PROBLEM TO WORK ON:
With the images left out, print all of the records below exactly.
-- Opening Marker --
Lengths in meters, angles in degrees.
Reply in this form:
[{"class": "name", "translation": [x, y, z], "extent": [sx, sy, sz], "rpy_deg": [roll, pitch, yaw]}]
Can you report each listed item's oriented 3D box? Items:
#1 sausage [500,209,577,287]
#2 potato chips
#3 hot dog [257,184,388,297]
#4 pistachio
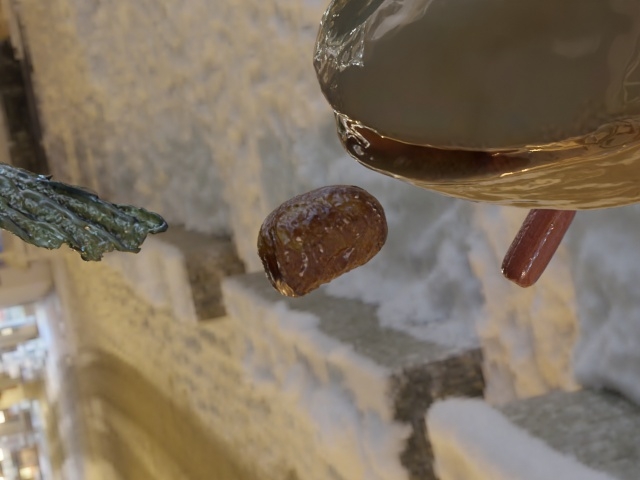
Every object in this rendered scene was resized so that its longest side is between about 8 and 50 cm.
[{"class": "sausage", "translation": [0.315, -0.006, 1.808], "extent": [0.154, 0.062, 0.062], "rpy_deg": [-61, 20, 4]}, {"class": "potato chips", "translation": [-0.211, -0.025, 0.866], "extent": [0.092, 0.207, 0.028], "rpy_deg": [-43, -31, -56]}, {"class": "hot dog", "translation": [0.000, -0.001, 1.310], "extent": [0.065, 0.147, 0.099], "rpy_deg": [2, 120, 63]}, {"class": "pistachio", "translation": [0.187, -0.175, 0.981], "extent": [0.445, 0.365, 0.281], "rpy_deg": [13, 140, 50]}]
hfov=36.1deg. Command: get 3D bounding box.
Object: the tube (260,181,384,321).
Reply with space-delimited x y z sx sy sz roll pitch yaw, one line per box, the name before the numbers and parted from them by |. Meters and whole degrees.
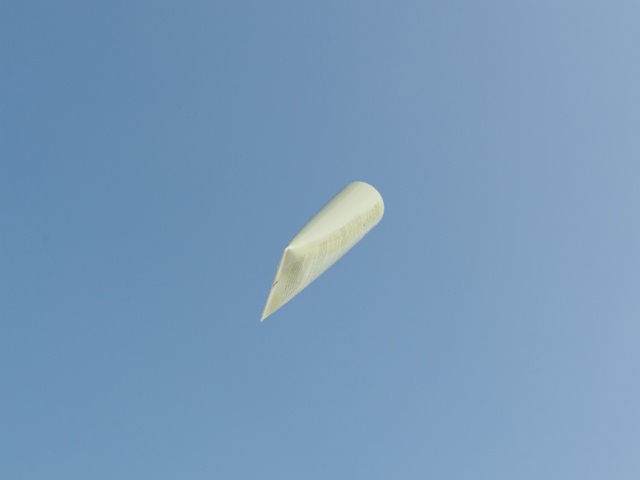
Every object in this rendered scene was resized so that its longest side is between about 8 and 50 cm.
tube | 0.000 0.000 1.080 0.062 0.240 0.070 -13 -73 30
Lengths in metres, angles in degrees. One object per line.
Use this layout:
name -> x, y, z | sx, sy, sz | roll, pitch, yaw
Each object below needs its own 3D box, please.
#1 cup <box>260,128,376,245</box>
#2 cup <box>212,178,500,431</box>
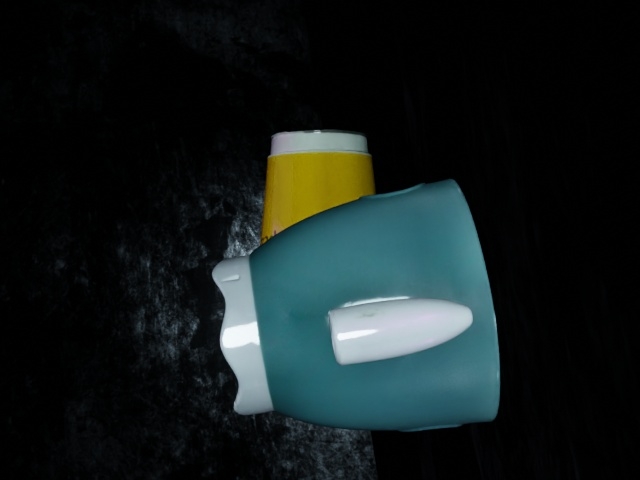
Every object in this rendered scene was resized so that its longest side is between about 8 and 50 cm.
cup -> 0.000, 0.000, 1.365 | 0.196, 0.196, 0.279 | 120, 149, -88
cup -> 0.020, 0.054, 0.707 | 0.300, 0.173, 0.167 | 139, 121, -88
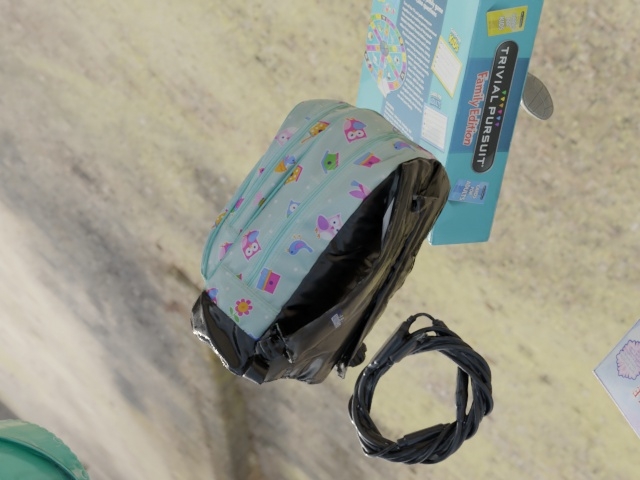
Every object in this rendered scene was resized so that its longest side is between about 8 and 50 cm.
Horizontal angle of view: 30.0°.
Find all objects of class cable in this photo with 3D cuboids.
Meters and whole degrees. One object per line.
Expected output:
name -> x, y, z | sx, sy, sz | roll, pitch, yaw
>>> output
cable -> 0.115, 0.187, 1.401 | 0.150, 0.184, 0.047 | 40, -167, 11

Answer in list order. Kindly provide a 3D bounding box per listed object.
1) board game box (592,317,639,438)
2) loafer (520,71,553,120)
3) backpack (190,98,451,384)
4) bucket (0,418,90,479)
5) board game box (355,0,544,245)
board game box -> 0.564, 0.180, 1.647 | 0.066, 0.318, 0.319 | 22, -154, -32
loafer -> 0.290, -0.225, 1.735 | 0.125, 0.045, 0.039 | 43, 176, -22
backpack -> 0.000, 0.000, 0.791 | 0.115, 0.182, 0.152 | 36, -170, 19
bucket -> -0.369, 0.318, 1.235 | 0.281, 0.281, 0.183 | 35, -160, 23
board game box -> 0.136, -0.202, 1.351 | 0.254, 0.079, 0.336 | -125, 38, -53
-- Closing Marker --
SOLUTION:
Lengths in meters, angles in degrees.
Reply in this form:
[{"class": "name", "translation": [x, y, z], "extent": [sx, sy, sz], "rpy_deg": [roll, pitch, yaw]}]
Can you report each listed item's oriented 3D box? Items:
#1 sausage [500,209,577,287]
#2 potato chips
#3 hot dog [257,184,388,297]
#4 pistachio
Every object in this rendered scene was resized so that its longest side is between about 8 and 50 cm.
[{"class": "sausage", "translation": [0.315, -0.006, 1.808], "extent": [0.154, 0.062, 0.062], "rpy_deg": [-61, 20, 4]}, {"class": "potato chips", "translation": [-0.211, -0.025, 0.866], "extent": [0.092, 0.207, 0.028], "rpy_deg": [-43, -31, -56]}, {"class": "hot dog", "translation": [0.000, -0.001, 1.310], "extent": [0.065, 0.147, 0.099], "rpy_deg": [2, 120, 63]}, {"class": "pistachio", "translation": [0.187, -0.175, 0.981], "extent": [0.445, 0.365, 0.281], "rpy_deg": [13, 140, 50]}]
hfov=36.1deg. Command: get 3D bounding box.
Object: the tube (260,181,384,321).
Reply with space-delimited x y z sx sy sz roll pitch yaw, one line per box, the name before the numbers and parted from them by |. Meters and whole degrees.
Every object in this rendered scene was resized so that its longest side is between about 8 and 50 cm.
tube | 0.000 0.000 1.080 0.062 0.240 0.070 -13 -73 30
Lengths in metres, angles in degrees. One object per line.
Use this layout:
name -> x, y, z | sx, sy, sz | roll, pitch, yaw
Each object below needs its own 3D box, please.
#1 cup <box>260,128,376,245</box>
#2 cup <box>212,178,500,431</box>
Every object in this rendered scene was resized so that its longest side is between about 8 and 50 cm.
cup -> 0.000, 0.000, 1.365 | 0.196, 0.196, 0.279 | 120, 149, -88
cup -> 0.020, 0.054, 0.707 | 0.300, 0.173, 0.167 | 139, 121, -88
Every object in this rendered scene was resized so that its longest side is between about 8 and 50 cm.
Horizontal angle of view: 30.0°.
Find all objects of class cable in this photo with 3D cuboids.
Meters and whole degrees. One object per line.
Expected output:
name -> x, y, z | sx, sy, sz | roll, pitch, yaw
>>> output
cable -> 0.115, 0.187, 1.401 | 0.150, 0.184, 0.047 | 40, -167, 11

Answer in list order. Kindly provide a 3D bounding box per listed object.
1) board game box (592,317,639,438)
2) loafer (520,71,553,120)
3) backpack (190,98,451,384)
4) bucket (0,418,90,479)
5) board game box (355,0,544,245)
board game box -> 0.564, 0.180, 1.647 | 0.066, 0.318, 0.319 | 22, -154, -32
loafer -> 0.290, -0.225, 1.735 | 0.125, 0.045, 0.039 | 43, 176, -22
backpack -> 0.000, 0.000, 0.791 | 0.115, 0.182, 0.152 | 36, -170, 19
bucket -> -0.369, 0.318, 1.235 | 0.281, 0.281, 0.183 | 35, -160, 23
board game box -> 0.136, -0.202, 1.351 | 0.254, 0.079, 0.336 | -125, 38, -53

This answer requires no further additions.